• Material provided:

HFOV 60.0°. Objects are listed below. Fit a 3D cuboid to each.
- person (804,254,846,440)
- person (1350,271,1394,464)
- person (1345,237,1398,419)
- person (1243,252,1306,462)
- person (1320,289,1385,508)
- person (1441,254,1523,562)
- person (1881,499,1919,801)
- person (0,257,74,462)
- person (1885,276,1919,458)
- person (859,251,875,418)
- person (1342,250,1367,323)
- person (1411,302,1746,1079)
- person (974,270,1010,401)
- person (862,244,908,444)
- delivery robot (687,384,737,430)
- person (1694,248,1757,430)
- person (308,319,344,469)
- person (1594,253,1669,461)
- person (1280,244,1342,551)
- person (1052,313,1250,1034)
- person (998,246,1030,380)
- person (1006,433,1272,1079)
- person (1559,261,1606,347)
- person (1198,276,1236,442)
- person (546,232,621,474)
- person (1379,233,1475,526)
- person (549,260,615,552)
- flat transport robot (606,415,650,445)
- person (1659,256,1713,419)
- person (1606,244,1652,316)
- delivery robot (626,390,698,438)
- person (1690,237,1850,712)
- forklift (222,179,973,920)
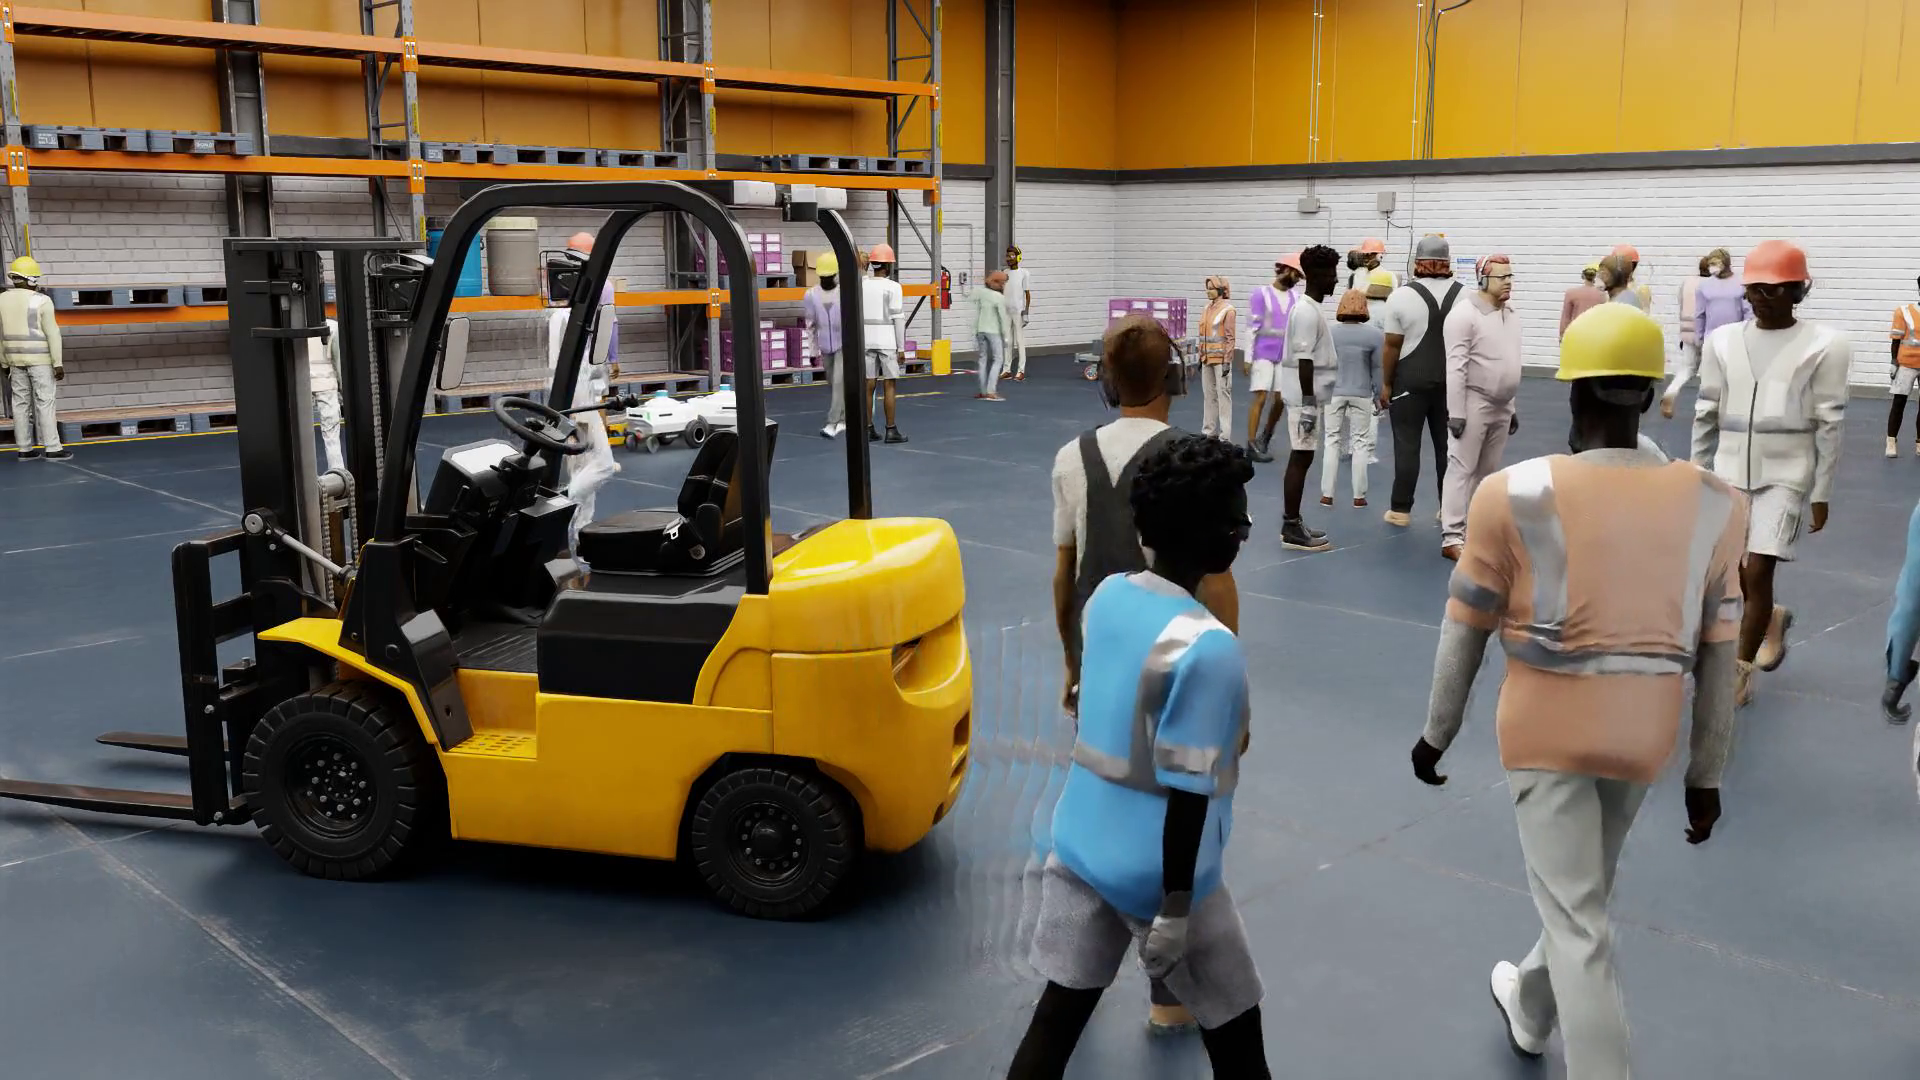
[{"bbox_3d":[-1.276,-1.924,16.622,0.599,1.822,1.082,4,11,19],"label":"person"},{"bbox_3d":[3.668,-1.534,14.829,0.506,1.708,0.519,7,12,33],"label":"person"},{"bbox_3d":[4.532,-2.332,18.382,0.383,1.996,0.609,-8,13,-36],"label":"person"},{"bbox_3d":[2.799,-1.657,15.047,0.611,1.885,0.583,-5,11,-24],"label":"person"},{"bbox_3d":[2.902,-1.051,12.418,0.502,1.626,0.282,3,11,14],"label":"person"},{"bbox_3d":[3.278,-0.817,10.362,0.643,1.910,0.400,-8,13,-36],"label":"person"},{"bbox_3d":[2.795,0.407,4.488,0.521,1.609,0.775,4,11,22],"label":"person"},{"bbox_3d":[-8.310,-1.612,14.903,0.599,1.830,0.404,1,10,6],"label":"person"},{"bbox_3d":[8.718,-1.583,15.106,0.536,1.699,0.322,3,11,14],"label":"person"},{"bbox_3d":[-1.068,-2.268,18.440,0.389,1.846,0.566,1,10,6],"label":"person"},{"bbox_3d":[5.534,-3.194,23.587,0.824,1.806,0.653,4,11,22],"label":"person"},{"bbox_3d":[1.369,0.420,3.705,0.609,1.873,0.978,-1,10,-5],"label":"person"},{"bbox_3d":[0.387,-2.509,20.445,0.324,1.597,0.600,-9,14,-40],"label":"person"},{"bbox_3d":[-0.760,-1.906,16.220,0.545,1.938,0.361,6,12,29],"label":"person"},{"bbox_3d":[-2.310,-1.289,16.370,0.707,0.478,0.477,3,11,14],"label":"delivery robot"},{"bbox_3d":[7.994,-2.097,17.414,0.664,1.890,0.817,7,12,33],"label":"person"},{"bbox_3d":[-5.040,-1.161,12.959,0.522,1.644,0.305,-4,11,-19],"label":"person"},{"bbox_3d":[4.893,-1.147,12.194,0.953,1.907,0.633,2,11,10],"label":"person"},{"bbox_3d":[2.262,-0.924,10.782,0.362,1.963,0.613,2,11,11],"label":"person"},{"bbox_3d":[0.468,0.358,4.220,0.572,1.827,0.376,8,13,38],"label":"person"},{"bbox_3d":[0.744,-3.173,23.310,0.512,1.873,0.329,8,13,36],"label":"person"},{"bbox_3d":[0.416,0.614,3.248,0.858,1.643,0.543,-5,11,-24],"label":"person"},{"bbox_3d":[7.275,-2.375,19.367,0.542,1.735,0.705,2,11,13],"label":"person"},{"bbox_3d":[2.448,-1.698,15.903,0.309,1.639,0.514,-5,12,-26],"label":"person"},{"bbox_3d":[-3.168,-1.569,14.094,0.615,2.042,0.372,2,11,12],"label":"person"},{"bbox_3d":[3.255,-1.121,11.656,0.688,2.000,0.536,-1,10,-4],"label":"person"},{"bbox_3d":[-2.438,-0.822,10.500,0.485,1.873,0.580,-6,12,-28],"label":"person"},{"bbox_3d":[-3.222,-1.119,16.477,0.652,0.197,1.431,8,13,38],"label":"flat transport robot"},{"bbox_3d":[7.983,-2.166,17.983,0.758,1.815,0.635,-5,12,-26],"label":"person"},{"bbox_3d":[6.231,-1.811,15.698,0.377,1.938,0.547,-3,11,-18],"label":"person"},{"bbox_3d":[-2.810,-1.170,15.703,0.477,0.478,0.707,7,13,35],"label":"delivery robot"},{"bbox_3d":[3.495,-0.289,7.197,0.784,2.020,0.612,-9,14,-40],"label":"person"},{"bbox_3d":[-1.114,-0.058,5.440,2.313,2.155,1.214,2,11,13],"label":"forklift"}]

• What you need to do: Please make an exact copy of the lines above from the line with "- person (1885,276,1919,458)" through the line with "- person (1006,433,1272,1079)", both ends included.

• Solved problem:
- person (1885,276,1919,458)
- person (859,251,875,418)
- person (1342,250,1367,323)
- person (1411,302,1746,1079)
- person (974,270,1010,401)
- person (862,244,908,444)
- delivery robot (687,384,737,430)
- person (1694,248,1757,430)
- person (308,319,344,469)
- person (1594,253,1669,461)
- person (1280,244,1342,551)
- person (1052,313,1250,1034)
- person (998,246,1030,380)
- person (1006,433,1272,1079)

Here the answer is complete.